• _ASSIGNED TASK_
Only the text of the records belongs in the answer; the pictures must be dropped.

• _TASK MATERIAL_
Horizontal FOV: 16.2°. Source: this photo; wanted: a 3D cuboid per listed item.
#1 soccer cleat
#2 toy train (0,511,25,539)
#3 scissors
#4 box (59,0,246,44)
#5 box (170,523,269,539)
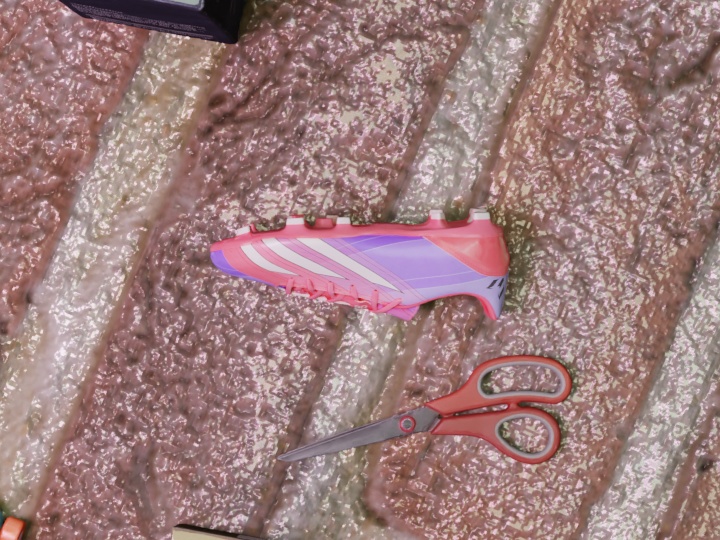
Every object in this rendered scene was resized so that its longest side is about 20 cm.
[{"bbox_3d":[0.000,0.000,1.679,0.199,0.067,0.077,-3,94,1],"label":"soccer cleat"},{"bbox_3d":[-0.328,0.187,1.697,0.199,0.056,0.151,-29,88,3],"label":"toy train"},{"bbox_3d":[0.043,0.094,1.700,0.199,0.014,0.074,-1,92,4],"label":"scissors"},{"bbox_3d":[-0.126,-0.260,1.619,0.117,0.200,0.198,10,89,3],"label":"box"},{"bbox_3d":[-0.083,0.280,1.695,0.120,0.032,0.201,10,91,3],"label":"box"}]
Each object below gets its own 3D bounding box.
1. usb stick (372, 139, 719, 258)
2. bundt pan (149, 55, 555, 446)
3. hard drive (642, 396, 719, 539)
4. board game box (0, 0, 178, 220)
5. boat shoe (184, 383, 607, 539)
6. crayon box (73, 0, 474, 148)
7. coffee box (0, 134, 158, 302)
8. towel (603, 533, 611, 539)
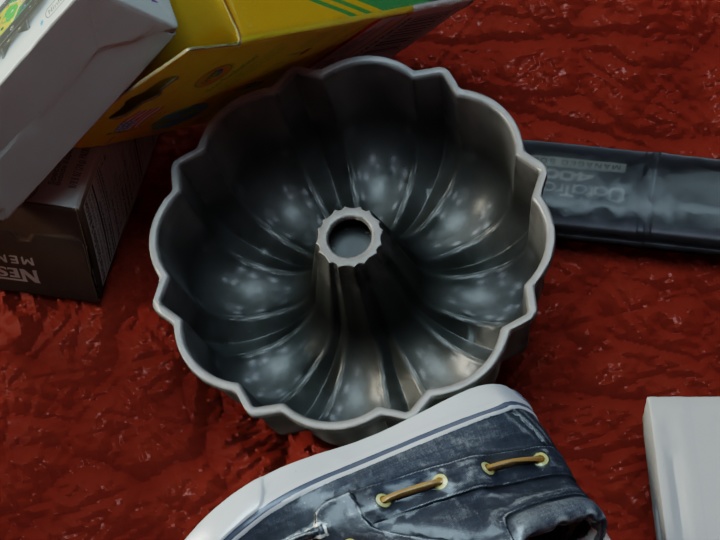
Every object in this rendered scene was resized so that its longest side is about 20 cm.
[{"bbox_3d":[0.107,-0.040,1.516,0.199,0.033,0.056,6,64,10],"label":"usb stick"},{"bbox_3d":[0.000,0.000,1.454,0.201,0.076,0.203,-4,63,8],"label":"bundt pan"},{"bbox_3d":[0.237,0.117,1.373,0.199,0.026,0.132,0,52,-4],"label":"hard drive"},{"bbox_3d":[-0.175,-0.150,1.455,0.148,0.064,0.200,-44,44,27],"label":"board game box"},{"bbox_3d":[0.011,0.127,1.336,0.200,0.071,0.091,-27,51,-15],"label":"boat shoe"},{"bbox_3d":[-0.055,-0.119,1.479,0.200,0.127,0.051,-16,79,-45],"label":"crayon box"},{"bbox_3d":[-0.167,-0.091,1.549,0.113,0.080,0.201,8,54,12],"label":"coffee box"},{"bbox_3d":[0.034,0.171,1.366,0.199,0.032,0.191,-27,56,-13],"label":"towel"}]
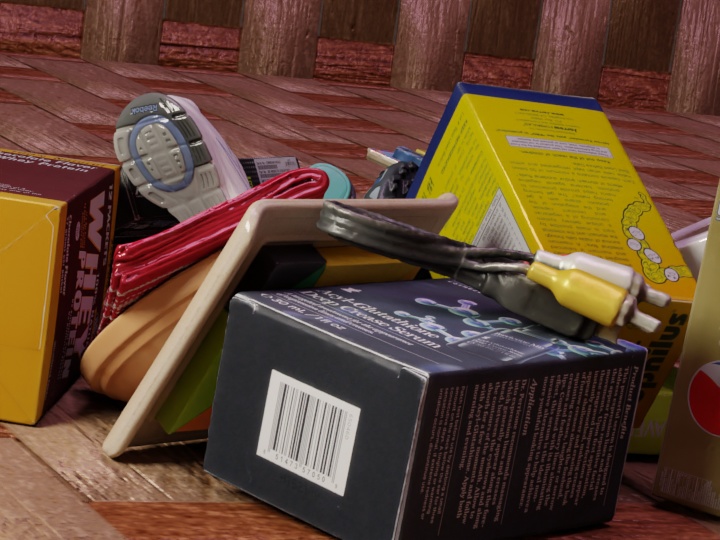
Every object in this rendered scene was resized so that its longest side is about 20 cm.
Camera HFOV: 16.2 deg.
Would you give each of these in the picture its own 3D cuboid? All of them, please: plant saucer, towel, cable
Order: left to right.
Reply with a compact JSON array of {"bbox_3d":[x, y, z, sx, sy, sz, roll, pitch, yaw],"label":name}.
[{"bbox_3d":[-0.098,0.004,1.534,0.144,0.023,0.200,-25,-13,-20],"label":"towel"},{"bbox_3d":[-0.076,0.029,1.548,0.199,0.038,0.200,-29,-12,-6],"label":"plant saucer"},{"bbox_3d":[0.074,-0.011,1.411,0.199,0.051,0.097,24,13,-5],"label":"cable"}]

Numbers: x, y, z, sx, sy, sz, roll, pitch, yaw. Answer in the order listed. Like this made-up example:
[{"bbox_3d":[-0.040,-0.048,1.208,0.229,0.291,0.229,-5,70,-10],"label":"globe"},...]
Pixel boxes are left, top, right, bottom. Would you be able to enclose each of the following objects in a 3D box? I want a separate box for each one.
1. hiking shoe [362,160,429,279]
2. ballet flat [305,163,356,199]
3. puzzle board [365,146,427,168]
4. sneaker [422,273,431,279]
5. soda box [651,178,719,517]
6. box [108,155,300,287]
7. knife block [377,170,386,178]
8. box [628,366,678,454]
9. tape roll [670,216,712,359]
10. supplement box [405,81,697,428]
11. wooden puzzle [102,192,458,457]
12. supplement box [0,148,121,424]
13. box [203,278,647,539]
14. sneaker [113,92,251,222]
[{"bbox_3d":[0.000,0.000,1.680,0.086,0.075,0.200,-24,26,32],"label":"hiking shoe"},{"bbox_3d":[-0.073,0.008,1.760,0.073,0.073,0.200,16,52,40],"label":"ballet flat"},{"bbox_3d":[0.119,-0.048,1.820,0.199,0.018,0.150,25,10,24],"label":"puzzle board"},{"bbox_3d":[0.003,0.030,1.793,0.071,0.100,0.199,33,-36,-28],"label":"sneaker"},{"bbox_3d":[0.232,0.044,1.500,0.064,0.201,0.068,17,12,28],"label":"soda box"},{"bbox_3d":[-0.167,-0.028,1.809,0.192,0.048,0.199,-21,-8,36],"label":"box"},{"bbox_3d":[0.078,-0.034,1.843,0.064,0.177,0.200,12,-33,-34],"label":"knife block"},{"bbox_3d":[0.129,0.083,1.649,0.199,0.048,0.122,4,10,-21],"label":"box"},{"bbox_3d":[0.263,-0.006,1.668,0.201,0.071,0.202,-22,1,0],"label":"tape roll"},{"bbox_3d":[0.118,-0.011,1.588,0.109,0.109,0.201,5,40,-25],"label":"supplement box"},{"bbox_3d":[-0.040,0.034,1.470,0.037,0.185,0.199,47,30,25],"label":"wooden puzzle"},{"bbox_3d":[-0.268,-0.003,1.578,0.196,0.134,0.200,8,10,3],"label":"supplement box"},{"bbox_3d":[0.038,0.078,1.411,0.148,0.108,0.199,21,16,39],"label":"box"},{"bbox_3d":[-0.089,-0.033,1.687,0.074,0.201,0.087,-21,8,18],"label":"sneaker"}]
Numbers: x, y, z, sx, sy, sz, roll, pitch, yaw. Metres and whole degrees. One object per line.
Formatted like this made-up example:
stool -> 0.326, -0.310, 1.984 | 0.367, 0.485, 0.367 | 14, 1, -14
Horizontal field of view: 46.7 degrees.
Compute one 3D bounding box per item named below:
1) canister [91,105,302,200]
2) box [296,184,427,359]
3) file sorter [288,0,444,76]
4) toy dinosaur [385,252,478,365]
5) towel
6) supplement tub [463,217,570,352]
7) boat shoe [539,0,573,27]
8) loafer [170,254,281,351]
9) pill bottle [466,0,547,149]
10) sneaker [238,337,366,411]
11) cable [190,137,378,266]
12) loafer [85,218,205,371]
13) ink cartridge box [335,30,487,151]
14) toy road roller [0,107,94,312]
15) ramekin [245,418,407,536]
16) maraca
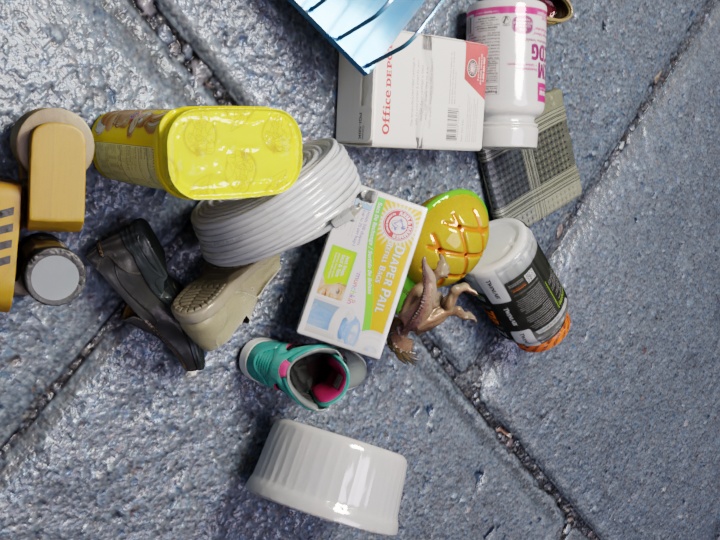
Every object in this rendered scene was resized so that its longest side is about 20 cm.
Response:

• _ANSWER SPACE_
Horizontal FOV: 16.2°. Source: this photo; wanted: a 3D cuboid per listed item.
#1 soccer cleat
#2 toy train (0,511,25,539)
#3 scissors
#4 box (59,0,246,44)
#5 box (170,523,269,539)
Every object in this rendered scene was resized so that its longest side is about 20 cm.
[{"bbox_3d":[0.000,0.000,1.679,0.199,0.067,0.077,-3,94,1],"label":"soccer cleat"},{"bbox_3d":[-0.328,0.187,1.697,0.199,0.056,0.151,-29,88,3],"label":"toy train"},{"bbox_3d":[0.043,0.094,1.700,0.199,0.014,0.074,-1,92,4],"label":"scissors"},{"bbox_3d":[-0.126,-0.260,1.619,0.117,0.200,0.198,10,89,3],"label":"box"},{"bbox_3d":[-0.083,0.280,1.695,0.120,0.032,0.201,10,91,3],"label":"box"}]
Each object below gets its own 3D bounding box.
1. usb stick (372, 139, 719, 258)
2. bundt pan (149, 55, 555, 446)
3. hard drive (642, 396, 719, 539)
4. board game box (0, 0, 178, 220)
5. boat shoe (184, 383, 607, 539)
6. crayon box (73, 0, 474, 148)
7. coffee box (0, 134, 158, 302)
8. towel (603, 533, 611, 539)
Every object in this rendered scene was resized so that its longest side is about 20 cm.
[{"bbox_3d":[0.107,-0.040,1.516,0.199,0.033,0.056,6,64,10],"label":"usb stick"},{"bbox_3d":[0.000,0.000,1.454,0.201,0.076,0.203,-4,63,8],"label":"bundt pan"},{"bbox_3d":[0.237,0.117,1.373,0.199,0.026,0.132,0,52,-4],"label":"hard drive"},{"bbox_3d":[-0.175,-0.150,1.455,0.148,0.064,0.200,-44,44,27],"label":"board game box"},{"bbox_3d":[0.011,0.127,1.336,0.200,0.071,0.091,-27,51,-15],"label":"boat shoe"},{"bbox_3d":[-0.055,-0.119,1.479,0.200,0.127,0.051,-16,79,-45],"label":"crayon box"},{"bbox_3d":[-0.167,-0.091,1.549,0.113,0.080,0.201,8,54,12],"label":"coffee box"},{"bbox_3d":[0.034,0.171,1.366,0.199,0.032,0.191,-27,56,-13],"label":"towel"}]
Every object in this rendered scene was resized so that its longest side is about 20 cm.
Camera HFOV: 16.2 deg.
Would you give each of these in the picture its own 3D cuboid? All of them, please: plant saucer, towel, cable
Order: left to right.
Reply with a compact JSON array of {"bbox_3d":[x, y, z, sx, sy, sz, roll, pitch, yaw],"label":name}.
[{"bbox_3d":[-0.098,0.004,1.534,0.144,0.023,0.200,-25,-13,-20],"label":"towel"},{"bbox_3d":[-0.076,0.029,1.548,0.199,0.038,0.200,-29,-12,-6],"label":"plant saucer"},{"bbox_3d":[0.074,-0.011,1.411,0.199,0.051,0.097,24,13,-5],"label":"cable"}]

Numbers: x, y, z, sx, sy, sz, roll, pitch, yaw. Answer in the order listed. Like this made-up example:
[{"bbox_3d":[-0.040,-0.048,1.208,0.229,0.291,0.229,-5,70,-10],"label":"globe"},...]
Pixel boxes are left, top, right, bottom. Would you be able to enclose each of the following objects in a 3D box? I want a separate box for each one.
1. hiking shoe [362,160,429,279]
2. ballet flat [305,163,356,199]
3. puzzle board [365,146,427,168]
4. sneaker [422,273,431,279]
5. soda box [651,178,719,517]
6. box [108,155,300,287]
7. knife block [377,170,386,178]
8. box [628,366,678,454]
9. tape roll [670,216,712,359]
10. supplement box [405,81,697,428]
11. wooden puzzle [102,192,458,457]
12. supplement box [0,148,121,424]
13. box [203,278,647,539]
14. sneaker [113,92,251,222]
[{"bbox_3d":[0.000,0.000,1.680,0.086,0.075,0.200,-24,26,32],"label":"hiking shoe"},{"bbox_3d":[-0.073,0.008,1.760,0.073,0.073,0.200,16,52,40],"label":"ballet flat"},{"bbox_3d":[0.119,-0.048,1.820,0.199,0.018,0.150,25,10,24],"label":"puzzle board"},{"bbox_3d":[0.003,0.030,1.793,0.071,0.100,0.199,33,-36,-28],"label":"sneaker"},{"bbox_3d":[0.232,0.044,1.500,0.064,0.201,0.068,17,12,28],"label":"soda box"},{"bbox_3d":[-0.167,-0.028,1.809,0.192,0.048,0.199,-21,-8,36],"label":"box"},{"bbox_3d":[0.078,-0.034,1.843,0.064,0.177,0.200,12,-33,-34],"label":"knife block"},{"bbox_3d":[0.129,0.083,1.649,0.199,0.048,0.122,4,10,-21],"label":"box"},{"bbox_3d":[0.263,-0.006,1.668,0.201,0.071,0.202,-22,1,0],"label":"tape roll"},{"bbox_3d":[0.118,-0.011,1.588,0.109,0.109,0.201,5,40,-25],"label":"supplement box"},{"bbox_3d":[-0.040,0.034,1.470,0.037,0.185,0.199,47,30,25],"label":"wooden puzzle"},{"bbox_3d":[-0.268,-0.003,1.578,0.196,0.134,0.200,8,10,3],"label":"supplement box"},{"bbox_3d":[0.038,0.078,1.411,0.148,0.108,0.199,21,16,39],"label":"box"},{"bbox_3d":[-0.089,-0.033,1.687,0.074,0.201,0.087,-21,8,18],"label":"sneaker"}]
Numbers: x, y, z, sx, sy, sz, roll, pitch, yaw. Metres and whole degrees. One object per line.
Formatted like this made-up example:
stool -> 0.326, -0.310, 1.984 | 0.367, 0.485, 0.367 | 14, 1, -14
Horizontal field of view: 46.7 degrees.
Compute one 3D bounding box per item named below:
1) canister [91,105,302,200]
2) box [296,184,427,359]
3) file sorter [288,0,444,76]
4) toy dinosaur [385,252,478,365]
5) towel
6) supplement tub [463,217,570,352]
7) boat shoe [539,0,573,27]
8) loafer [170,254,281,351]
9) pill bottle [466,0,547,149]
10) sneaker [238,337,366,411]
11) cable [190,137,378,266]
12) loafer [85,218,205,371]
13) ink cartridge box [335,30,487,151]
14) toy road roller [0,107,94,312]
15) ramekin [245,418,407,536]
16) maraca
Every object in this rendered scene was resized so that its longest side is about 20 cm.
Response:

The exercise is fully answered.